GPU docs. introduction, data structures.

doc/gpu_initialization.tex

@@ -2,13 +2,13 @@
 
 
 \cvCppFunc{gpu::getCudaEnabledDeviceCount}
-Returns number of CUDA-enabled devices installed. It is to be used before any other GPU funtions calls. If OpenCV is compiled without GPU support this function returns 0. 
+Returns number of CUDA-enabled devices installed. It is to be used before any other GPU functions calls. If OpenCV is compiled without GPU support this function returns 0. 
 
 \cvdefCpp{int getCudaEnabledDeviceCount();}
 
 
 \cvCppFunc{gpu::setDevice}
-Sets device and initializes it for current thread.
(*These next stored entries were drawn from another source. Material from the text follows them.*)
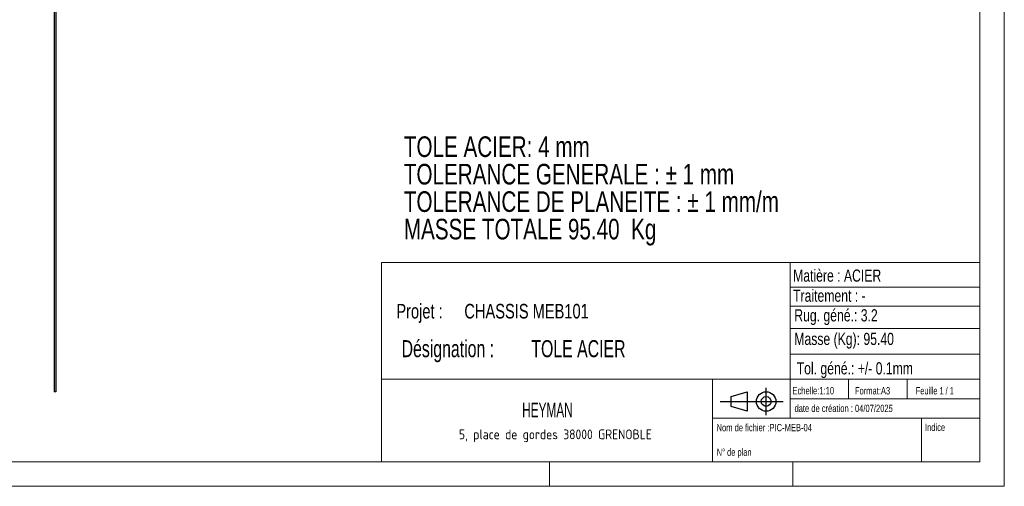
# Model space of a CAD drawing. Header units: millimetres. Extents: x 5 to 415, y 5 to 292.
# Tile 2 of 3: x 213 to 415, y 5 to 101. Entities that reach past the tile are written whole.
import ezdxf

# ---------------------------------------------------------------- set-up
doc = ezdxf.new("R2010")
doc.units = ezdxf.units.MM
doc.layers.add('NOTES', color=6, linetype='Continuous')
doc.layers.add('TRAIT-FORT', color=4, linetype='Continuous', lineweight=25)
doc.styles.add('SLDTEXTSTYLE0', font='TXT', dxfattribs={"width": 0.75})
doc.styles.add('SLDTEXTSTYLE1', font='TXT', dxfattribs={"width": 0.695728})
doc.styles.add('SLDTEXTSTYLE2', font='TXT', dxfattribs={"width": 1.06981e-06})
doc.styles.add('SLDTEXTSTYLE3', font='TXT', dxfattribs={"width": 0.7})
doc.styles.add('SLDTEXTSTYLE4', font='TXT', dxfattribs={"width": 0.692308})
doc.styles.add('SLDTEXTSTYLE5', font='ISOCP3', dxfattribs={"width": 0.96})
doc.styles.add('SLDTEXTSTYLE6', font='TXT', dxfattribs={"width": 0.605})

# ---------------------------------------------------------------- blocks, each defined once
blk = doc.blocks.new('Bloc2')
for p, q in [((2.32, 3.8), (5.55, 4.8)), ((5.55, 4.8), (5.55, 0.8)), ((9.48, 0), (9.48, 5.6)), ((0, 2.8), (12.98, 2.8)), ((2.32, 1.8), (2.32, 3.8)), ((5.55, 0.8), (2.32, 1.8))]:
    blk.add_line(p, q)
for radius in [2, 1]:
    blk.add_circle((9.48, 2.8), radius)
blk = doc.blocks.new('SW_NOTE_0')
at = {"layer": 'NOTES', "color": 0, "char_height": 4.2333, "attachment_point": 1, "style": 'SLDTEXTSTYLE0'}
for s, insert in [('TOLE ACIER: 4 mm', (0, 5.46)), ('TOLERANCE GENERALE : ± 1 mm', (0, -0.19)), ('TOLERANCE DE PLANEITE : ± 1 mm/m', (0, -5.83)), ('MASSE TOTALE 95.40  Kg', (0, -11.48))]:
    blk.add_mtext(s, dxfattribs=dict(at, insert=insert))
blk = doc.blocks.new('SW_NOTE_2')
at = {"layer": 'NOTES', "color": 0, "char_height": 3.5, "attachment_point": 1, "style": 'SLDTEXTSTYLE1'}
for s, insert in [('Désignation :', (0, 4.51)), ('TOLE ACIER', (26.67, 4.51))]:
    blk.add_mtext(s, dxfattribs=dict(at, insert=insert))
blk = doc.blocks.new('SW_NOTE_3')
at = {"layer": 'NOTES', "color": 0, "char_height": 3, "attachment_point": 1, "style": 'SLDTEXTSTYLE0'}
for s, insert in [('Projet :', (0, 3.87)), ('CHASSIS MEB101', (13.98, 3.87))]:
    blk.add_mtext(s, dxfattribs=dict(at, insert=insert))
blk = doc.blocks.new('SW_NOTE_4')
at = {"layer": 'NOTES', "color": 0, "insert": (21.97, 2.58), "char_height": 2, "attachment_point": 2, "style": 'SLDTEXTSTYLE5'}
blk.add_mtext('5, place de gordes 38000 GRENOBLE', dxfattribs=at)

msp = doc.modelspace()

# ---------------------------------------------------------------- linework, layer by layer
at = {"color": 7, "linetype": 'Continuous', "lineweight": 18}
for p, q in [((415, 5), (415, 292)), ((410, 287), (410, 10)), ((286.99897, 50.99956), (286.99897, 9.99956)), ((409.99897, 50.99956), (286.99897, 50.99956)), ((370.99897, 50.99956), (370.99897, 18.99956)), ((370.99897, 45.92734), (409.99897, 45.92734)), ((370.99897, 42.01118), (409.99897, 42.01118)), ((370.99897, 37.40969), (409.99897, 37.40969)), ((370.99897, 32.17182), (410, 32.17182)), ((286.99897, 26.99956), (409.99897, 26.99956)), ((354.99897, 26.99956), (354.99897, 9.99956)), ((382.99897, 26.99956), (382.99897, 22.99956)), ((394.99897, 26.99956), (394.99897, 22.99956)), ((370.99897, 22.99956), (409.99897, 22.99956)), ((354.99897, 18.99956), (409.99897, 18.99956)), ((397.99897, 18.99956), (397.99897, 9.99956)), ((10, 10), (410, 10)), ((321.49897, 9.99956), (321.49897, 4.99956)), ((371.49897, 9.99956), (371.49897, 4.99956)), ((5, 5), (415, 5))]:
    msp.add_line(p, q, dxfattribs=at)
at = {"layer": 'TRAIT-FORT', "color": 4, "linetype": 'Continuous', "lineweight": 25}
for p, q in [((219.64855, 125.37842), (219.64855, 24.38842)), ((220.04855, 125.37842), (220.04855, 24.38842)), ((220.04855, 24.38842), (219.64855, 24.38842))]:
    msp.add_line(p, q, dxfattribs=at)

# ---------------------------------------------------------------- block references
msp.add_blockref('Bloc2', (356.55888, 19.63386))
at = {"layer": 'NOTES', "color": 211}
for name, p in [('SW_NOTE_0', (291.55891, 71.45892)), ('SW_NOTE_3', (290.01439, 38.62189)), ('SW_NOTE_2', (291.10049, 30.5305)), ('SW_NOTE_4', (300.73931, 14.09565))]:
    msp.add_blockref(name, p, dxfattribs=at)

# ---------------------------------------------------------------- texts
for s, insert, char_height, attachment_point, style in [('Matière : ACIER', (371.58475, 49.55467), 2.5, 1, 'SLDTEXTSTYLE0'), ('Traitement : -', (371.58475, 45.42568), 2.5, 1, 'SLDTEXTSTYLE0'), ('Rug. géné.: 3.2', (371.82694, 41.3902), 2.5, 1, 'SLDTEXTSTYLE0'), ('Masse (Kg): 95.40', (371.82694, 36.54493), 2.5, 1, 'SLDTEXTSTYLE0'), ('Tol. géné.: +/- 0.1mm', (372.32256, 30.4989), 2.5, 1, 'SLDTEXTSTYLE0'), ('Echelle:1:10', (371.45242, 25.40431), 1.5, 1, 'SLDTEXTSTYLE0'), ('Format:A3', (384.28825, 25.37972), 1.5, 1, 'SLDTEXTSTYLE0'), ('Feuille 1 / 1', (396.80535, 25.38355), 1.5, 1, 'SLDTEXTSTYLE4'), ('HEYMAN', (321.07994, 22.17491), 3, 2, 'SLDTEXTSTYLE6'), ('date de création : 04/07/2025', (371.86575, 21.7654), 1.5, 1, 'SLDTEXTSTYLE0'), ('Nom de fichier :PIC-MEB-04', (355.85137, 17.81493), 1.5, 1, 'SLDTEXTSTYLE0'), ('Indice', (398.69166, 17.85973), 1.5, 1, 'SLDTEXTSTYLE0'), ('PIC-MEB-04', (368.56814, 14.78717), 3.5, 1, 'SLDTEXTSTYLE2'), ('N° de plan', (355.87709, 12.76459), 1.5, 1, 'SLDTEXTSTYLE3')]:
    msp.add_mtext(s, dxfattribs=dict(at, insert=insert, char_height=char_height, attachment_point=attachment_point, style=style))

doc.saveas('drawing.dxf')

If this call is omitted, default device will be initialized.
+Sets device and initializes it for current thread. Call of this function can be omitted, but in this case a default device will be initialized on fist GPU usage.
 
 \cvdefCpp{void setDevice(int device);}
 \begin{description}
@@ -140,12 +140,14 @@ Returns true, if the GPU module has PTX or CUBIN code for the given architecture
 
 
 \cvCppFunc{gpu::isCompatibleWith}
-Returns true, if the GPU module is PTX or CUBIN compatible with the given GPU device, otherwise false.
+Returns true, if the GPU module is built with PTX or CUBIN compatible with the given GPU device, otherwise false.
 
 \cvdefCpp{bool isCompatibleWith(int device);}
 \begin{description}
 \cvarg{device}{GPU index. Can be obtained via \cvCppCross{gpu::getDevice}.}
 \end{description}
 
+% By default GPU module is no compiled for devices with compute capability equal to 1.0. So if you run
+
 According to the CUDA C Programming Guide Version 3.2: "PTX code produced for some specific compute capability can always be compiled to binary code of greater or equal compute capability".